Both guys were awarded double technicals and were kicked out of the game, which turned out to be to Pitt's advantage because Robinson was one of West Virginia's best players while Talbot was only a scrub who rarely got on the floor when the clock was running.
Huggins said he had a better view of another side-card scrum between Pitt's Robert Shrewsberry and West Virginia freshman center Junius Lewis, a Richmond, Virginia, native getting his first taste of those loathsome Panthers.
"Junius tossed him underneath the radio table, and (Shrewsberry) kept poking his head out to see when it was safe to come out. He's finally admitted that it did happen," Huggins chuckled.
By the way, Junius just happens to be a popular ordained minister in Morgantown these days, so even the pacifists became brawlers whenever these two schools got together back in the day!
All these years later, Huggins is at a loss for why the games always seemed to turn out this way.

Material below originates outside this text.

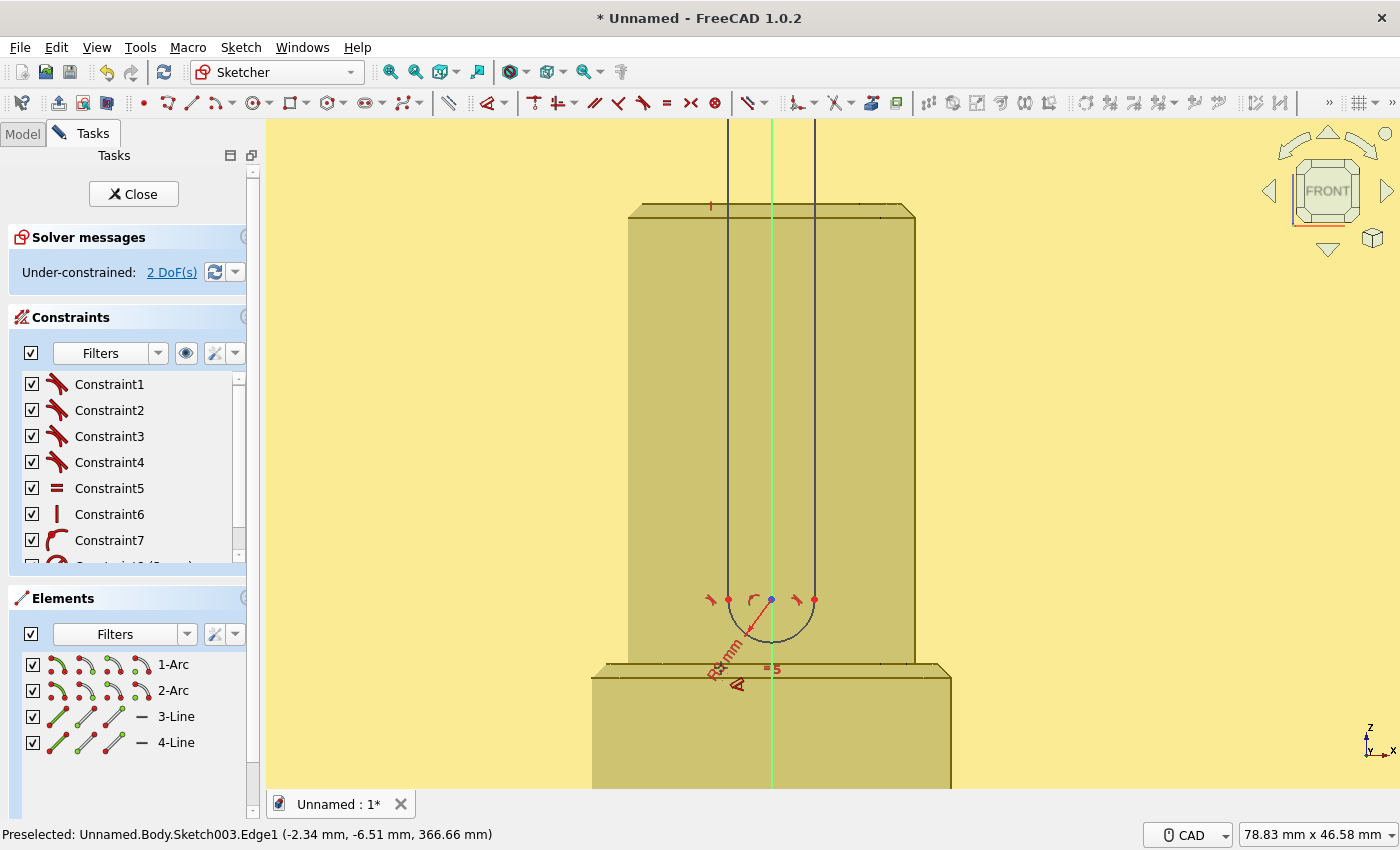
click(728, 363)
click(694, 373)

"They had some fans that were over the top, but we had some fans that were over the top, too," he admitted. "It's changed so much. At a Cincinnati-Xavier game you had everyone there, other than the prison guards. You had the state highway patrol, the Cincinnati city police and the university police. They were everywhere.
"It wasn't that way back then."
Huggins postulates that West Virginia's legendary "Voice of the Mountaineers" Jack Fleming may have contributed to some of the game's volatility because of his celebrity status in Pittsburgh.

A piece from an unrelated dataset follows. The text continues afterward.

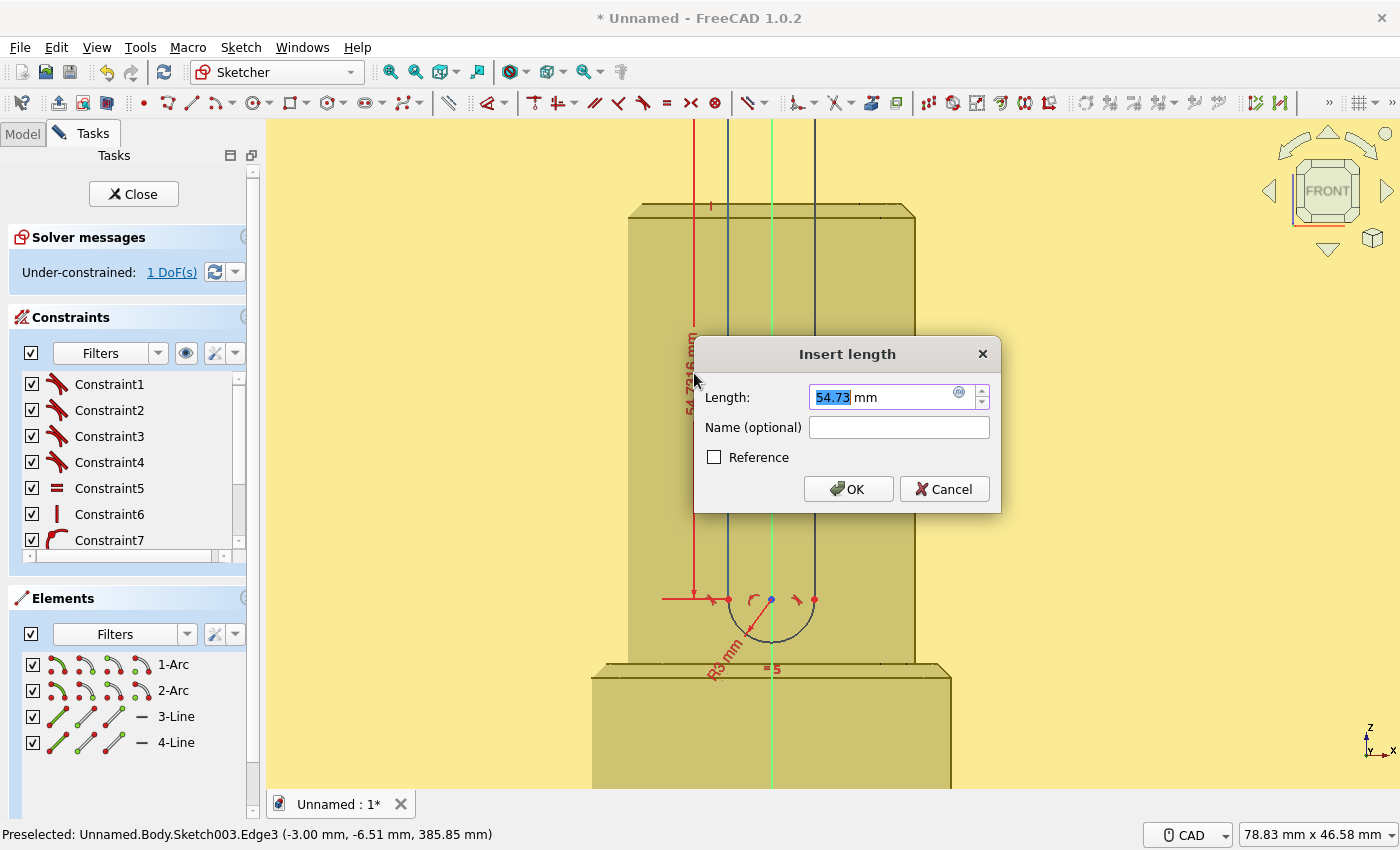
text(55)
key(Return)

Jack was an unapologetic West Virginia rooter who promoted his disdain for just about anything Pittsburgh, except for his Black and Gold employer, of course.

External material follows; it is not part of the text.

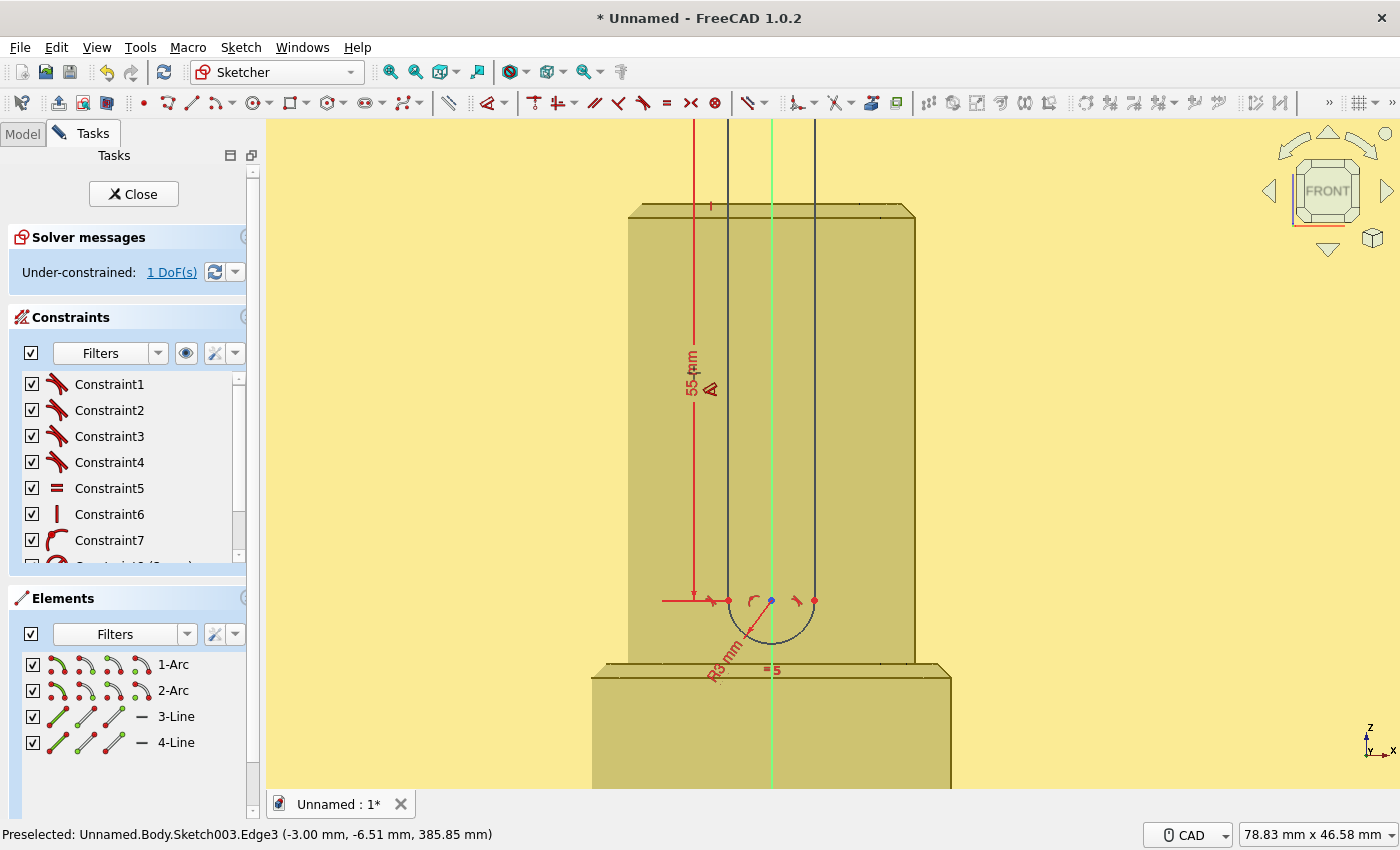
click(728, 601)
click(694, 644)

"Jack did our games and he also did the Steelers, so there was a little rub there, I suppose," Huggins said. "And he didn't hide that he was a West Virginia fan, so that kind of got things riled up a little bit."
Today, Huggins' current players don't ask him to talk about the West Virginia-Pitt rivalry. It's not like it was back in the 1970s when high school teammates frequently became college enemies when one chose Pitt and the other picked West Virginia.
The late Joe Fryz was supposed to go to Pitt, just as Moon Township's Richards did a few years prior. So when Fryz committed to West Virginia instead of Pitt, Panther coach Tim Grgurich never spoke to him again for the rest of his life.
That's kind of how things worked back then.
The guys playing in Friday night's game hardly know each other. They come from different parts of the country and in some instances, different parts of the world, so it's really pointless for Huggins to dust off his best "we hate Pitt speech" like Fred Schaus and Gale Catlett used to give to their players.
It was Schaus who taught Catlett to become such a notorious (and occasionally obnoxious) Pitt hater. Catlett took an ass-chewing he once got from Schaus at halftime of a WVU-Pitt freshman game and ran with it. I'm sure Grgurich did likewise with his guys up in Oakland. The same goes for Dr. Roy Chipman.
I suppose nostalgia still sells these days for fans confused with realignment.
The Panthers (0-1) are coming off a disappointing 78-63 season-opening loss to The Citadel on Tuesday night, while the Mountaineers are not yet Bob Huggins-caliber after being outrebounded by 15 during Tuesday night's harder-than-expected 60-53 victory over Oakland.
Huggins calls Jeff Capel's current Pitt squad "intriguing" while saying his team's rebounding "still sucks."
Eight of the nine players Pitt used against The Citadel were 6-feet-5 or taller, including 6-foot-9, 280-pound John Hugley, who scored a team-best 27 points and grabbed 10 rebounds. Femi Odukale, a 6-foot-5, 205-pound guard, finished with 20.
The other seven guys managed to score just 16.
Guard Taz Sherman led West Virginia (1-0) with 18 points on Tuesday. Guard Sean McNeil contributed 10.
Hugley is from Cleveland and Odukale is from Brooklyn, New York. Sherman hails from Missouri City, Texas, while McNeil is a native of Union, Kentucky – not exactly Backyard Brawl territory.
Tipoff is set for 8:30 p.m. The game will be televised nationally on ESPNU.